* **What to produce**
Everything in the data below is left aside except the lines from the one containing "- tuna can (246,96,392,238)" through the one containing "15. toy dinosaur [245,310,507,477]"; repeat those exactly.

* **Source material**
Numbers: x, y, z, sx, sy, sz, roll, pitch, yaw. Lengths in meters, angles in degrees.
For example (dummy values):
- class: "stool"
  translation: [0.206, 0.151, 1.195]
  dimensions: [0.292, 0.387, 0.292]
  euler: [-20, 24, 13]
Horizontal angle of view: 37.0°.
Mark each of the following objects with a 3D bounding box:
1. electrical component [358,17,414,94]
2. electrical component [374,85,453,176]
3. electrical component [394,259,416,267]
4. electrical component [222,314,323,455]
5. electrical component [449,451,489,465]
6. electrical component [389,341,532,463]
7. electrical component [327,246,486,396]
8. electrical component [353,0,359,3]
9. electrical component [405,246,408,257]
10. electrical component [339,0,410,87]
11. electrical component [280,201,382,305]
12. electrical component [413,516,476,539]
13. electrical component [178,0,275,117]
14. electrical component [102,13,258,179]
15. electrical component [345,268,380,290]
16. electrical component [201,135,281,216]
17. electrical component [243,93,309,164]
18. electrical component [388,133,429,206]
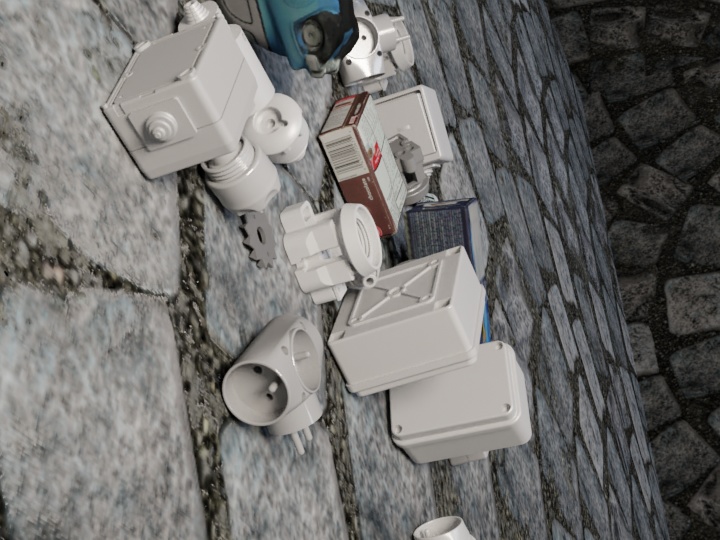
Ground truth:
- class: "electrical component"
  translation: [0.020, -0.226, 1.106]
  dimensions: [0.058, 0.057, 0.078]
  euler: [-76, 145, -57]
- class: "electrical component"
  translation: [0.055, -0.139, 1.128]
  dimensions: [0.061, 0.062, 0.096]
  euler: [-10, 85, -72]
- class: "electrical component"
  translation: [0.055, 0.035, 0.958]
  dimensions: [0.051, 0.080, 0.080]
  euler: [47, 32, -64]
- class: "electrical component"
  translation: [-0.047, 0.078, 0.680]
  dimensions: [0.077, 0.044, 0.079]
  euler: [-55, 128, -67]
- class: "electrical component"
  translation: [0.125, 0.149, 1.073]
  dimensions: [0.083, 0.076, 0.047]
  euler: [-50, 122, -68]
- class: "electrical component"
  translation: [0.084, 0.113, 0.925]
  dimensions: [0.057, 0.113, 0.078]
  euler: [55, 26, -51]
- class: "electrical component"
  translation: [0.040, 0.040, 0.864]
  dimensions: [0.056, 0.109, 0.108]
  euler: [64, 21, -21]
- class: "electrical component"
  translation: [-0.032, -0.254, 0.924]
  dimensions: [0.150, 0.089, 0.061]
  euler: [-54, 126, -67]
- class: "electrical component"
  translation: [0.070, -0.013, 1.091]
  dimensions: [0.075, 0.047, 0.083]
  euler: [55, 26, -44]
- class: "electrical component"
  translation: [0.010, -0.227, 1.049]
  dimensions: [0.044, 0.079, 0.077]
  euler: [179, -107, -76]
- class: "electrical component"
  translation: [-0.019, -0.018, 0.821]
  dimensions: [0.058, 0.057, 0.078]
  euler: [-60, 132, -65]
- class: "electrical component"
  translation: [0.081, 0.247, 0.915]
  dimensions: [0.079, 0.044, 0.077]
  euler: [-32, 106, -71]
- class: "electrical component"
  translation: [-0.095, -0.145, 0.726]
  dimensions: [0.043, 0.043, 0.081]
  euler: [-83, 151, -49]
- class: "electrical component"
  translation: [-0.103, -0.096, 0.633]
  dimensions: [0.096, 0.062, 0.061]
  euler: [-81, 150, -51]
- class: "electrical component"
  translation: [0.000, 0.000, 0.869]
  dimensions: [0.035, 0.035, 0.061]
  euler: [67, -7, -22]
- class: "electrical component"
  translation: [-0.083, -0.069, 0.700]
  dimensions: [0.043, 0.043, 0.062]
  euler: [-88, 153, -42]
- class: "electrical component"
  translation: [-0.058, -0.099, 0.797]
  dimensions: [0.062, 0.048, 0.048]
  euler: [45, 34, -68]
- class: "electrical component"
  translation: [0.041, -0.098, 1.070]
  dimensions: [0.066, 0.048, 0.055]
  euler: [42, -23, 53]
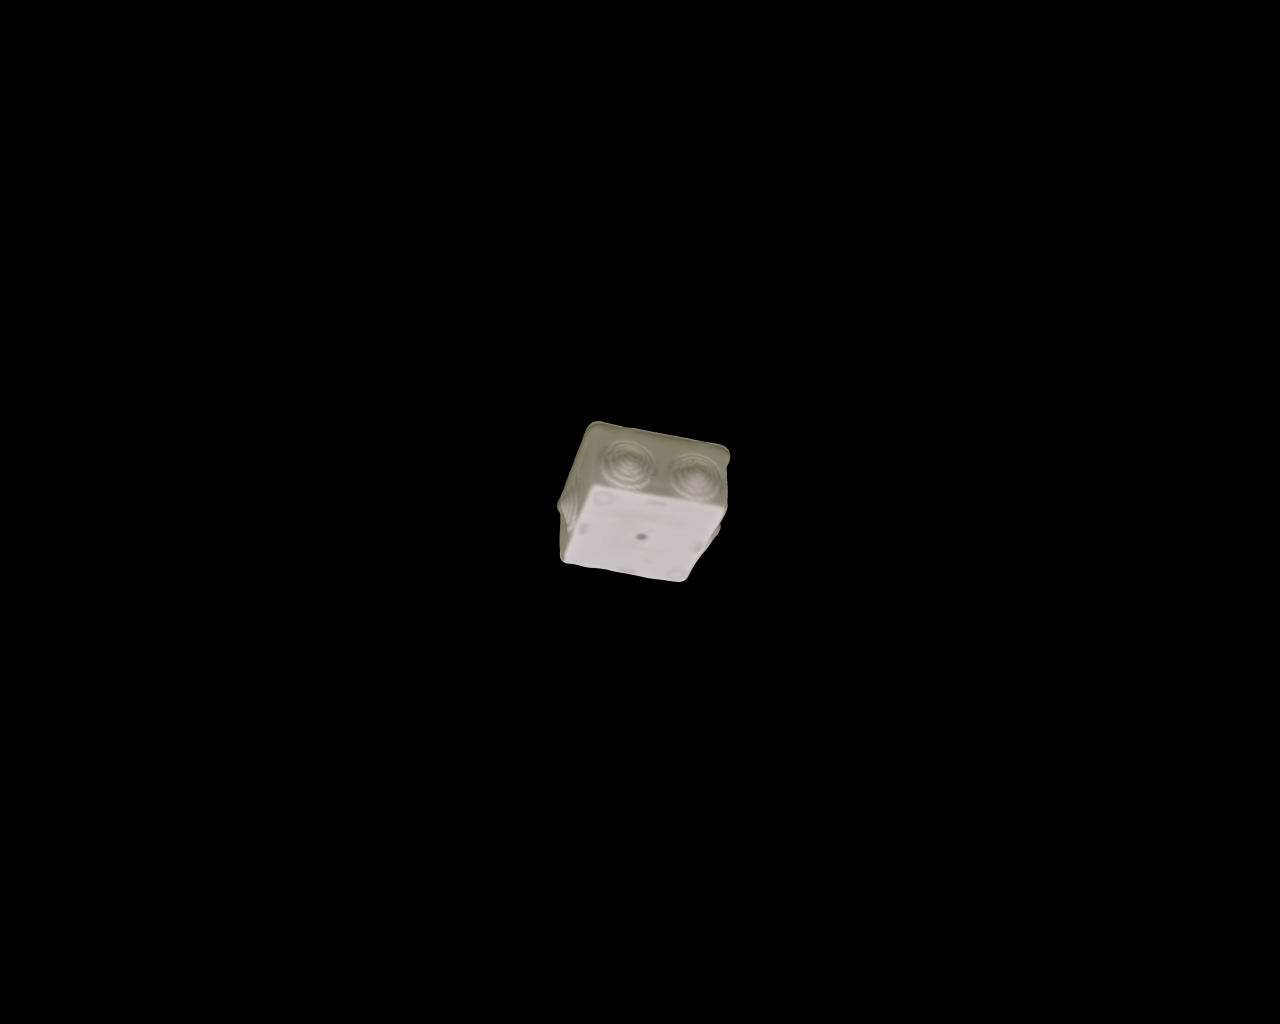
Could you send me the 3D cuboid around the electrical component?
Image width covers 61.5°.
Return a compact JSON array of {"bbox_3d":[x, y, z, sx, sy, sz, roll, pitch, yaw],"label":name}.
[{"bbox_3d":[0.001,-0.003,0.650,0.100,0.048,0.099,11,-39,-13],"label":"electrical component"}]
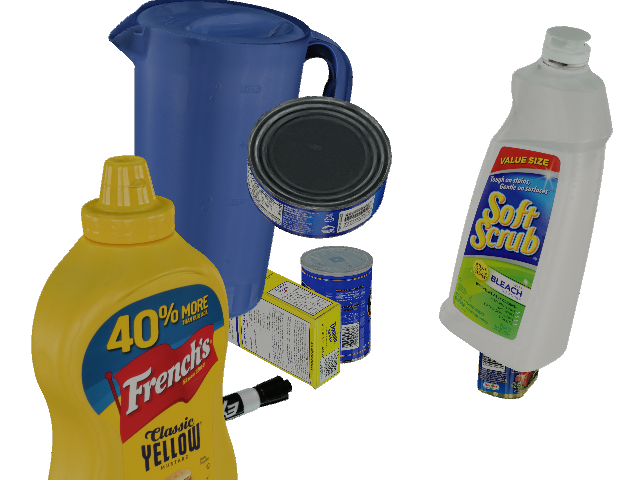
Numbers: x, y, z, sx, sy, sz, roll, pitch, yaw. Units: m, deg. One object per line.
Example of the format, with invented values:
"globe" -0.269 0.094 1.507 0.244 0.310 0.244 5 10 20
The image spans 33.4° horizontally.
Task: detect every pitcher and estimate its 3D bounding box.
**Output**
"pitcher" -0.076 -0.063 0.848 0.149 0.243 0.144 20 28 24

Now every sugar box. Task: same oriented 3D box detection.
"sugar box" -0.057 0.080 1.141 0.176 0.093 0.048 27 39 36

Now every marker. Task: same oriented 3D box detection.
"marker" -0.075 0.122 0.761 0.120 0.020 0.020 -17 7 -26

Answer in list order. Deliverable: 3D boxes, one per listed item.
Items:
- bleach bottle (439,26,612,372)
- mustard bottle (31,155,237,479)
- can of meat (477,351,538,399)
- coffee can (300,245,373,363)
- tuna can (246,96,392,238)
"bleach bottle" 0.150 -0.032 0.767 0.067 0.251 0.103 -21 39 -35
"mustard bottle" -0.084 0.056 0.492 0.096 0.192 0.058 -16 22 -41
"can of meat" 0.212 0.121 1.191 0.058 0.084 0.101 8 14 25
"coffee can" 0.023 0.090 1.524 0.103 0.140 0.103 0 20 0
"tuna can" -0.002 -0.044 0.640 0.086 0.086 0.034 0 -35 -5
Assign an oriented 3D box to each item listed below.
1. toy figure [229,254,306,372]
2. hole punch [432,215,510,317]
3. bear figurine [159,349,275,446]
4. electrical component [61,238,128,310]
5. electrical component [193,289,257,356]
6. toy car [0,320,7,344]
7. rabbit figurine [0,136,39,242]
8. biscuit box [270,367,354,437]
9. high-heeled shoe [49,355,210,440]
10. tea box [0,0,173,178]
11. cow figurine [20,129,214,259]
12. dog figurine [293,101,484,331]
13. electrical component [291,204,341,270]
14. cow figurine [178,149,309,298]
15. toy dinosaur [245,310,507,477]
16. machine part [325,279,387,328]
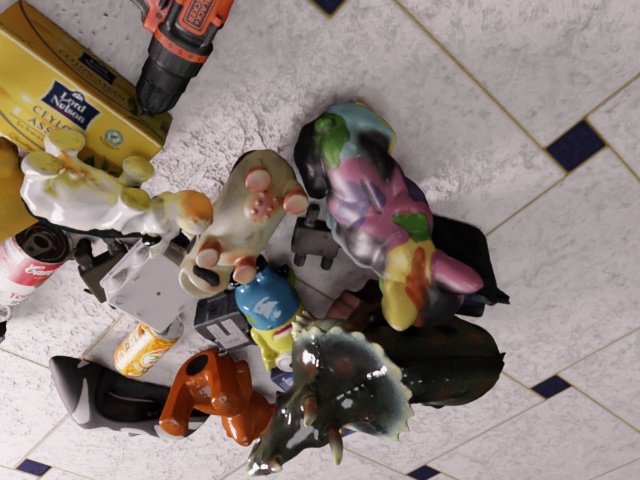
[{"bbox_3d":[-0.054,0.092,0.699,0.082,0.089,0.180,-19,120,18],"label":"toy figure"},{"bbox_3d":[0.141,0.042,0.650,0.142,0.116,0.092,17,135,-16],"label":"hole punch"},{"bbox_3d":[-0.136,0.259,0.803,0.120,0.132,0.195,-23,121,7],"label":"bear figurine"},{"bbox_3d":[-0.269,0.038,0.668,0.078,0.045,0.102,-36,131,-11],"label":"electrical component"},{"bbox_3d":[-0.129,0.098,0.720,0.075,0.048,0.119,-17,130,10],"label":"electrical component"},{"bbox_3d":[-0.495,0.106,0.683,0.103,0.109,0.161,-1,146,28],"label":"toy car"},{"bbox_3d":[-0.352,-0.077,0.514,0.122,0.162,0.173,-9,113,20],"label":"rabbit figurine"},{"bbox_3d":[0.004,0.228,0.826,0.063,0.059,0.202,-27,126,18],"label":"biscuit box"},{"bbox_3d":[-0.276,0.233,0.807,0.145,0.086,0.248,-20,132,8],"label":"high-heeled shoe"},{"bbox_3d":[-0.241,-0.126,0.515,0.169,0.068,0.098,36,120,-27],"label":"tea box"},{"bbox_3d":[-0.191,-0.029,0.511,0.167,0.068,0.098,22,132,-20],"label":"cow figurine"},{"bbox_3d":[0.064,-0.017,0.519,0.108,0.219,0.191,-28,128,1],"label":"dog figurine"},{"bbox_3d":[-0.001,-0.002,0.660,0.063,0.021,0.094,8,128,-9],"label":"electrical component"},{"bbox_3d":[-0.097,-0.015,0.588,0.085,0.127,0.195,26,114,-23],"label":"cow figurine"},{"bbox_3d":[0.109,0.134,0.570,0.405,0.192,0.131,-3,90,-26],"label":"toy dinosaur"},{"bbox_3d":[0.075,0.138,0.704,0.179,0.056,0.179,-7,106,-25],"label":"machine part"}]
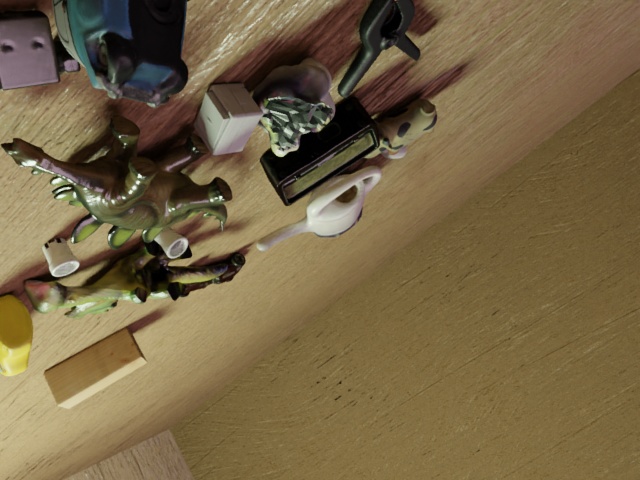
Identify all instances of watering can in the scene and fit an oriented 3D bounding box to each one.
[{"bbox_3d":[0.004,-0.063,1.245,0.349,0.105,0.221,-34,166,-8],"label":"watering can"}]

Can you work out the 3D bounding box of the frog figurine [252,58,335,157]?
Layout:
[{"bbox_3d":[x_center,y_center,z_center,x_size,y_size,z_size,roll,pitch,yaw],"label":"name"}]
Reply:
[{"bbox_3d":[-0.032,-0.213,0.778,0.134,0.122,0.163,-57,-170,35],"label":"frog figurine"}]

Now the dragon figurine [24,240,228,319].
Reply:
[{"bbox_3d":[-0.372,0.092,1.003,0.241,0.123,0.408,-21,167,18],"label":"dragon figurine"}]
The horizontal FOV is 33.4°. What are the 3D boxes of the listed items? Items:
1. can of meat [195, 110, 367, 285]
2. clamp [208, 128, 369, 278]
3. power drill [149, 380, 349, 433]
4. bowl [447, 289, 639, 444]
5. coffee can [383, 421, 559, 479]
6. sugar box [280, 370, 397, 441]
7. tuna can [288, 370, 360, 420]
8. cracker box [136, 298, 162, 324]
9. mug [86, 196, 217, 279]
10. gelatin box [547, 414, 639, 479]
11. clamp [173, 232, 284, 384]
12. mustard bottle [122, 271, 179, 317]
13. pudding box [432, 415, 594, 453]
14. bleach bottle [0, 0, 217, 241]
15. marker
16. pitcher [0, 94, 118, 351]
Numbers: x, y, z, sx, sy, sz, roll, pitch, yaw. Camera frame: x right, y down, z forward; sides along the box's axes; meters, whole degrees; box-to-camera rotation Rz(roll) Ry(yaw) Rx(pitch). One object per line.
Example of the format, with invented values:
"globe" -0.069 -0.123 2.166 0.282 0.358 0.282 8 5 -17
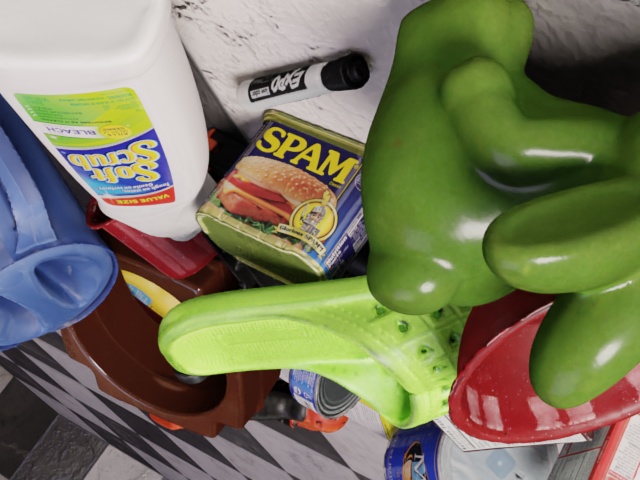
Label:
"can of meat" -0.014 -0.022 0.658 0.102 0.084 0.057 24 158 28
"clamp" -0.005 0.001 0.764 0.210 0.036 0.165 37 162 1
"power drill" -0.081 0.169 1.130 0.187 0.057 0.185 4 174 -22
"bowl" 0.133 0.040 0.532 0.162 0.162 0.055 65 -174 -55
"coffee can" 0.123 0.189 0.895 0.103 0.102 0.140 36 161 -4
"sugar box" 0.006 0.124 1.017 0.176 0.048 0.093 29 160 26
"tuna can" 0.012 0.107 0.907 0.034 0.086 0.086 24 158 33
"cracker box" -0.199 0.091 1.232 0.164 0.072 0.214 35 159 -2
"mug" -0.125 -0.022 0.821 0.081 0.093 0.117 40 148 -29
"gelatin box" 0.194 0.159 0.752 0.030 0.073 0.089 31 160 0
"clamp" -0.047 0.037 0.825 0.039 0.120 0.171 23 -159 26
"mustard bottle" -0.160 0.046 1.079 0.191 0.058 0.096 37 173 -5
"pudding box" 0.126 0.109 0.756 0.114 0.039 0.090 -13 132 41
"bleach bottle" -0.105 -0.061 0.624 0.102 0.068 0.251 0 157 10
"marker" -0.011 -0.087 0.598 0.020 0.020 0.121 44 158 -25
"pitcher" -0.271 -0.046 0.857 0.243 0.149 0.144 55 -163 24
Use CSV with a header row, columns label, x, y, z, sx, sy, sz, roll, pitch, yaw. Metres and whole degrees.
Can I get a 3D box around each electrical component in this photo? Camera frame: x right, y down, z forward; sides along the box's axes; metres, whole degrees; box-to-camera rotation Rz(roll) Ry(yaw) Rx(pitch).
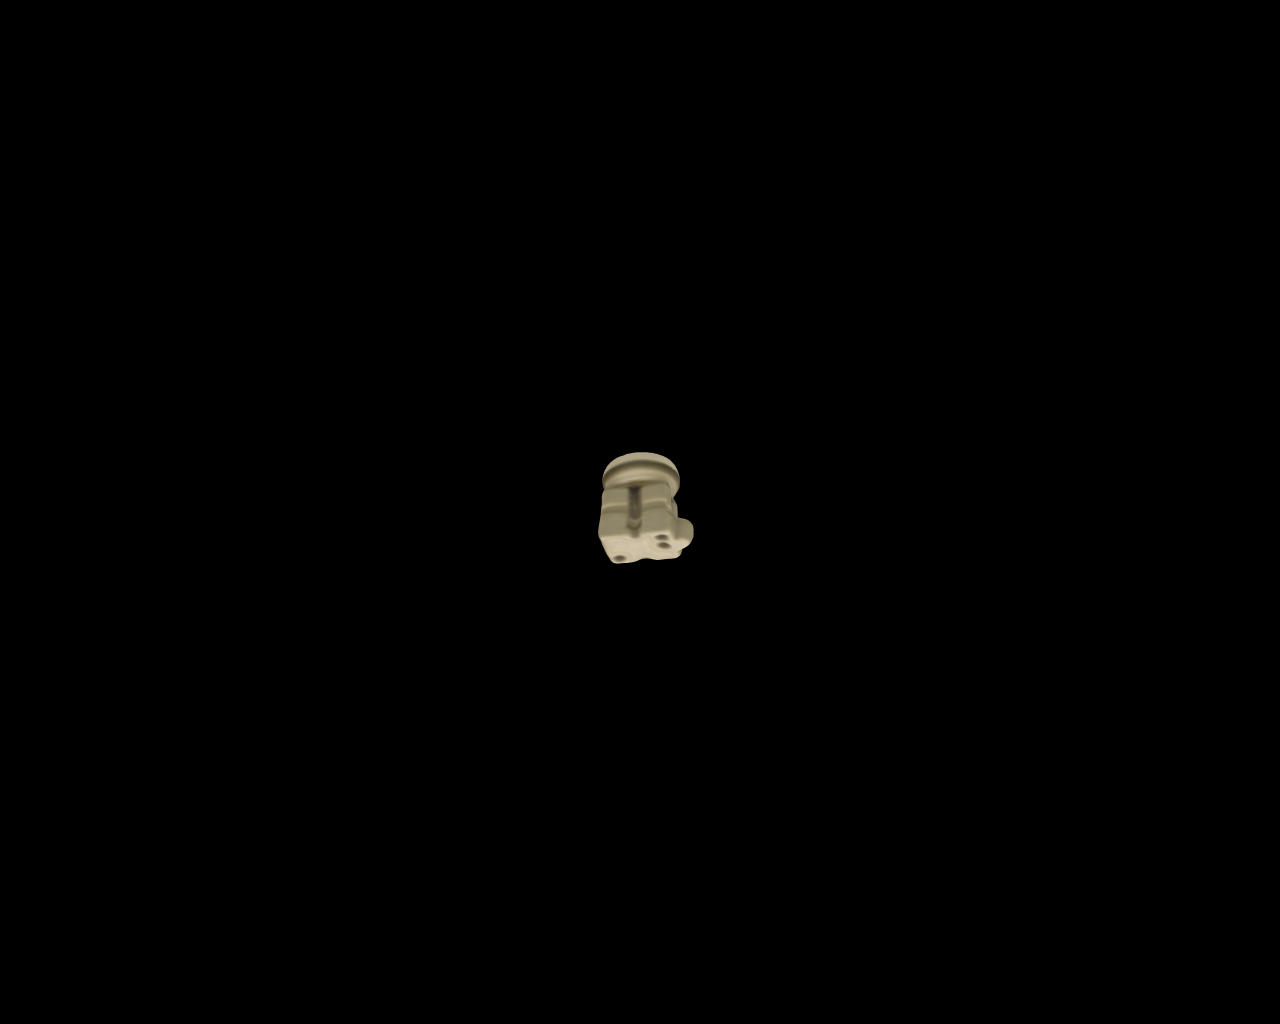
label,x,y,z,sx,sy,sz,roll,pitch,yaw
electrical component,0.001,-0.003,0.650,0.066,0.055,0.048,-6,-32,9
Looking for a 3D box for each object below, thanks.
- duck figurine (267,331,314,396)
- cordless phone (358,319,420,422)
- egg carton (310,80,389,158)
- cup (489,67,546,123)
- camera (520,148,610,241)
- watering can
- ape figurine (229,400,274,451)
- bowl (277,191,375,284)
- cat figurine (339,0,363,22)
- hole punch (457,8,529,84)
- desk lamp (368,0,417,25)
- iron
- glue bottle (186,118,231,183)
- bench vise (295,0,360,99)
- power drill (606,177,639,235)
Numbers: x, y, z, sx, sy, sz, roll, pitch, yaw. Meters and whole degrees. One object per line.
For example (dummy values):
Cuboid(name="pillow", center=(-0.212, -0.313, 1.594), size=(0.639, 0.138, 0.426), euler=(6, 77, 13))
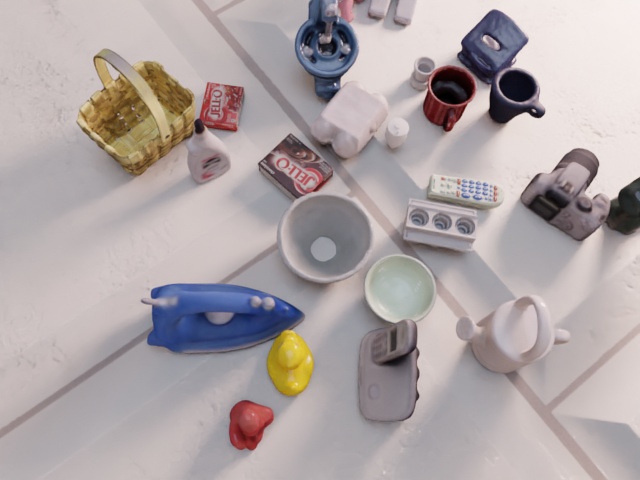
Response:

* **Answer**
- tuna can (246,96,392,238)
"bleach bottle" 0.150 -0.032 0.767 0.067 0.251 0.103 -21 39 -35
"mustard bottle" -0.084 0.056 0.492 0.096 0.192 0.058 -16 22 -41
"can of meat" 0.212 0.121 1.191 0.058 0.084 0.101 8 14 25
"coffee can" 0.023 0.090 1.524 0.103 0.140 0.103 0 20 0
"tuna can" -0.002 -0.044 0.640 0.086 0.086 0.034 0 -35 -5
Assign an oriented 3D box to each item listed below.
1. toy figure [229,254,306,372]
2. hole punch [432,215,510,317]
3. bear figurine [159,349,275,446]
4. electrical component [61,238,128,310]
5. electrical component [193,289,257,356]
6. toy car [0,320,7,344]
7. rabbit figurine [0,136,39,242]
8. biscuit box [270,367,354,437]
9. high-heeled shoe [49,355,210,440]
10. tea box [0,0,173,178]
11. cow figurine [20,129,214,259]
12. dog figurine [293,101,484,331]
13. electrical component [291,204,341,270]
14. cow figurine [178,149,309,298]
15. toy dinosaur [245,310,507,477]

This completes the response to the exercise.